**AIM OF THE TASK**. When you give the entries again, keep every word as it stands and drop the pictures.

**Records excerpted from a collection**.
- Opening Delimiter -

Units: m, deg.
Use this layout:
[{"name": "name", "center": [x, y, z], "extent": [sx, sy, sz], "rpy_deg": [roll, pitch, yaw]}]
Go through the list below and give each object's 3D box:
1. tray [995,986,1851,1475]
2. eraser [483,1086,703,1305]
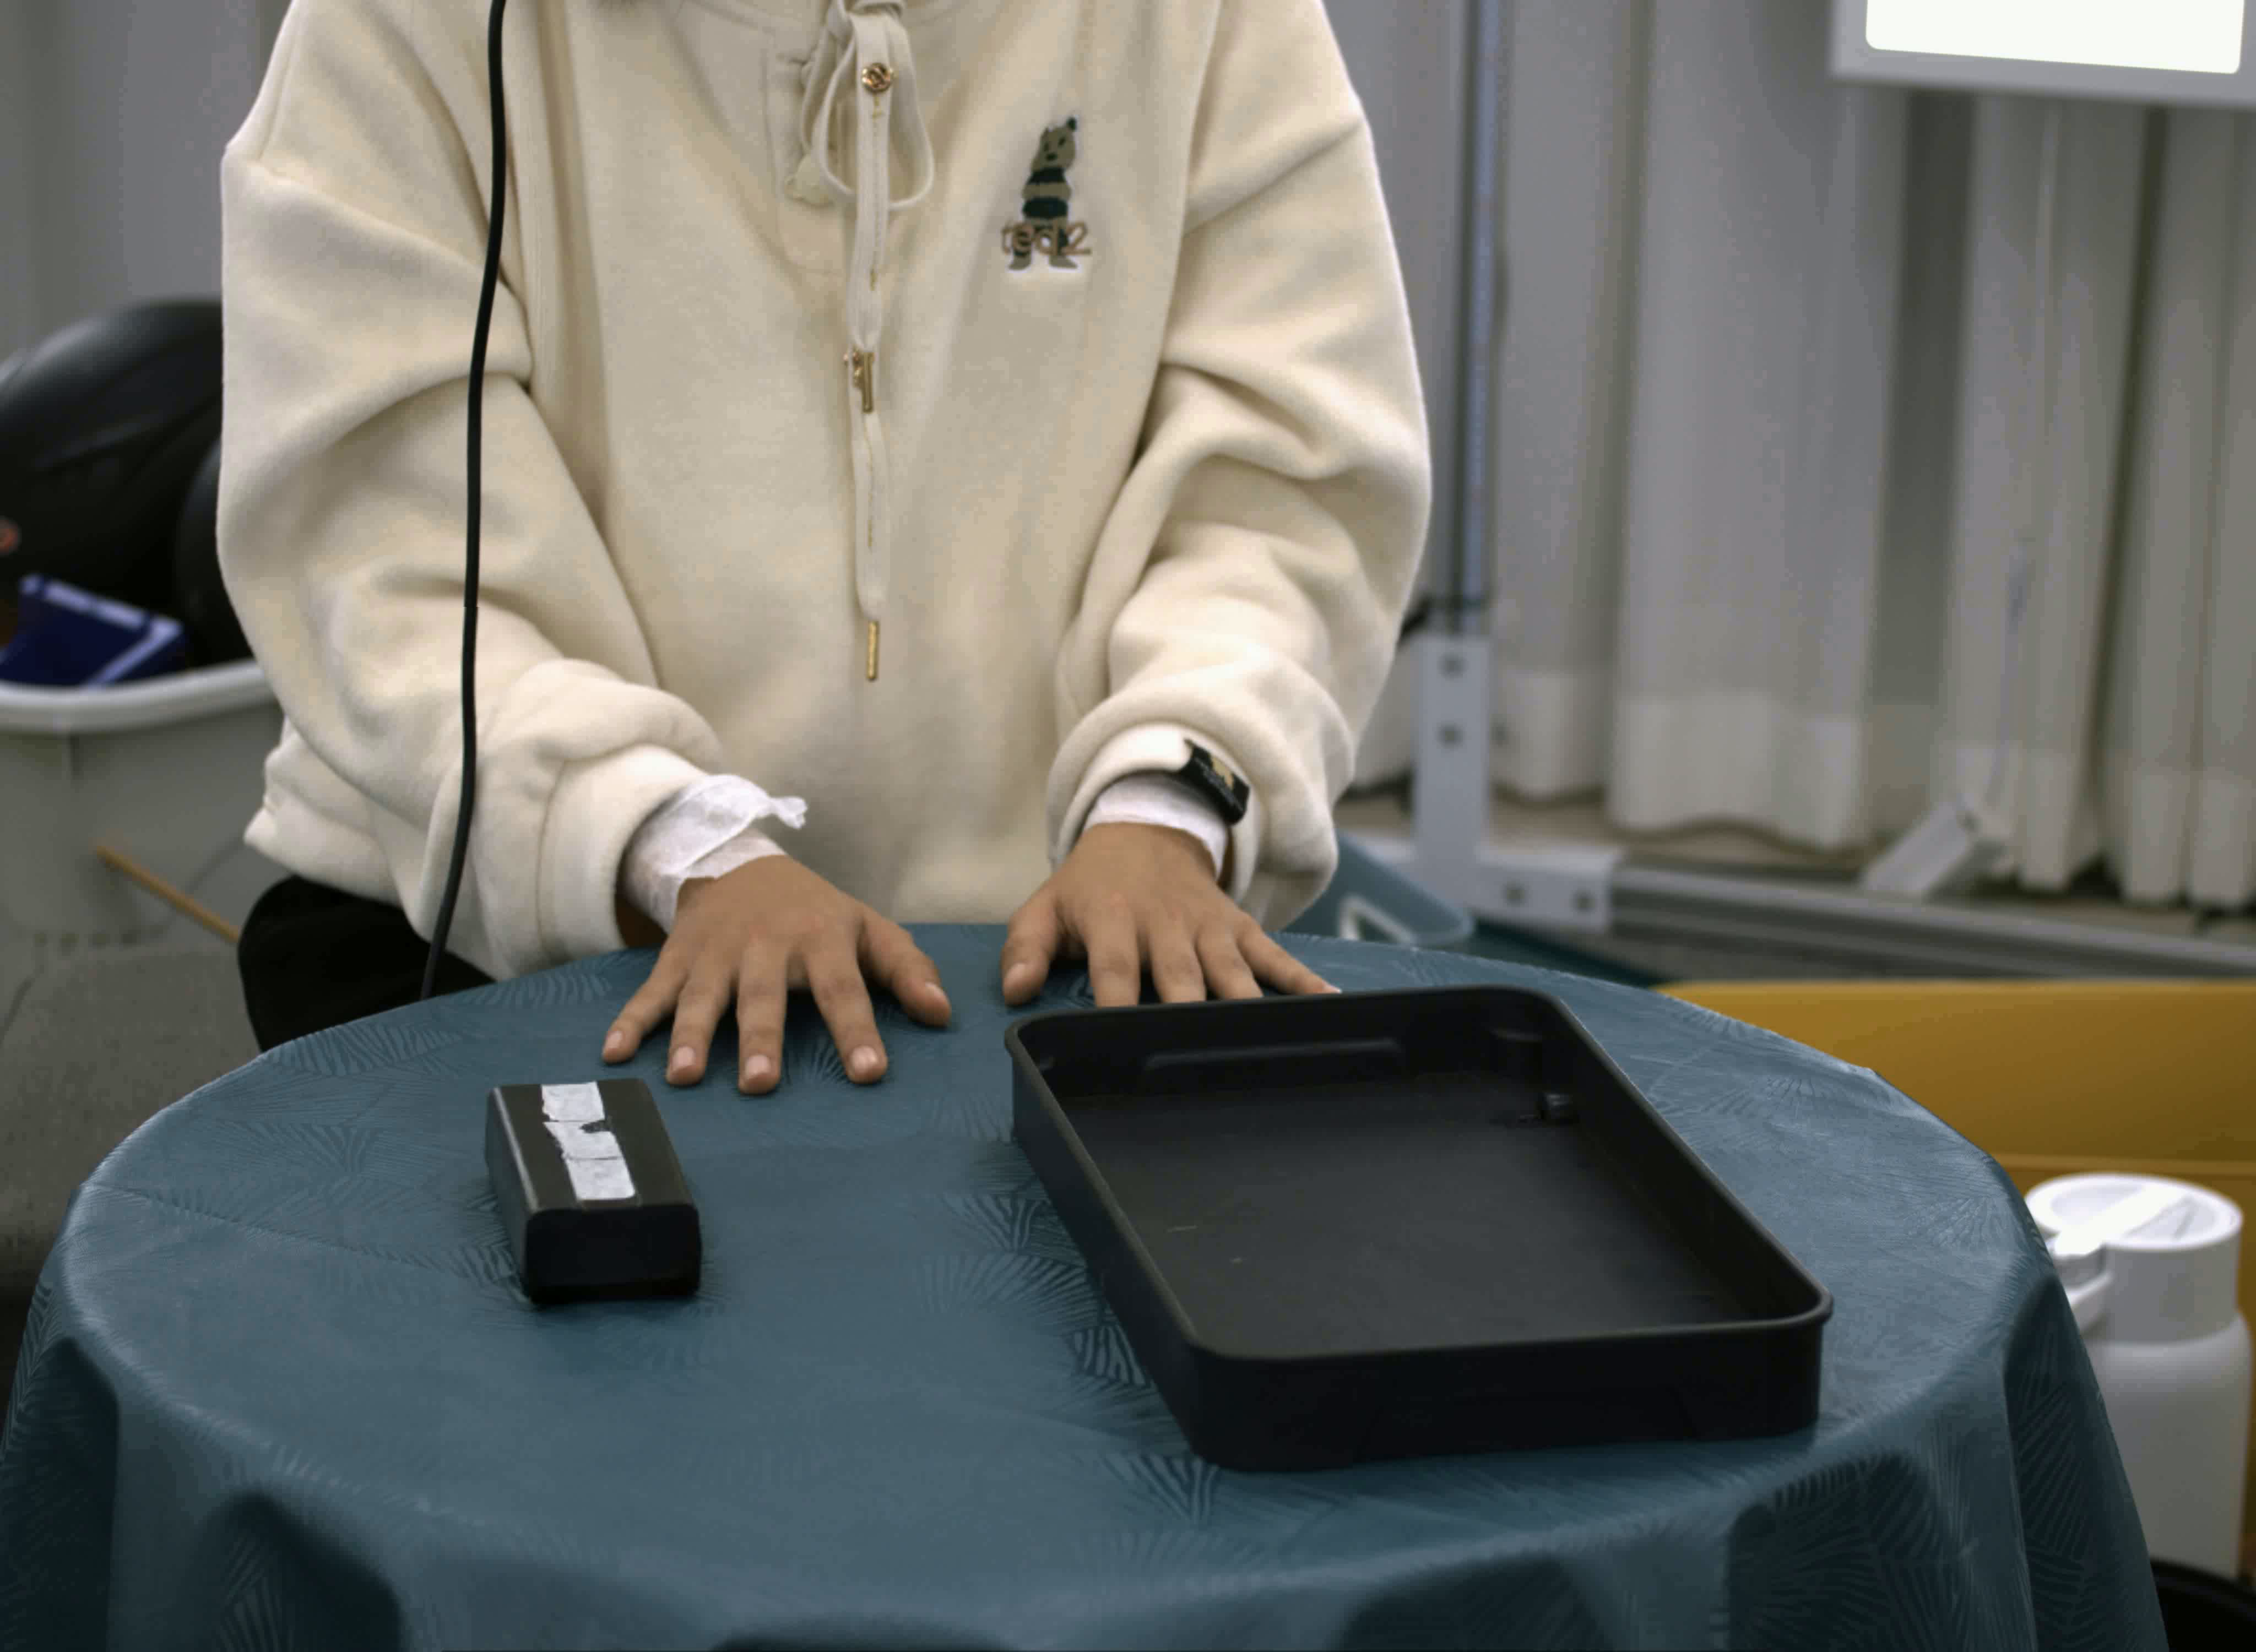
[{"name": "tray", "center": [0.077, 0.112, 1.551], "extent": [0.184, 0.037, 0.315], "rpy_deg": [-3, 15, -13]}, {"name": "eraser", "center": [-0.161, 0.110, 1.574], "extent": [0.053, 0.030, 0.124], "rpy_deg": [1, 14, -13]}]

- Closing Delimiter -

**ANSWER BOX**.
Units: m, deg.
Use this layout:
[{"name": "name", "center": [x, y, z], "extent": [sx, sy, sz], "rpy_deg": [roll, pitch, yaw]}]
Go through the list below and give each object's 3D box:
1. tray [995,986,1851,1475]
2. eraser [483,1086,703,1305]
[{"name": "tray", "center": [0.077, 0.112, 1.551], "extent": [0.184, 0.037, 0.315], "rpy_deg": [-3, 15, -13]}, {"name": "eraser", "center": [-0.161, 0.110, 1.574], "extent": [0.053, 0.030, 0.124], "rpy_deg": [1, 14, -13]}]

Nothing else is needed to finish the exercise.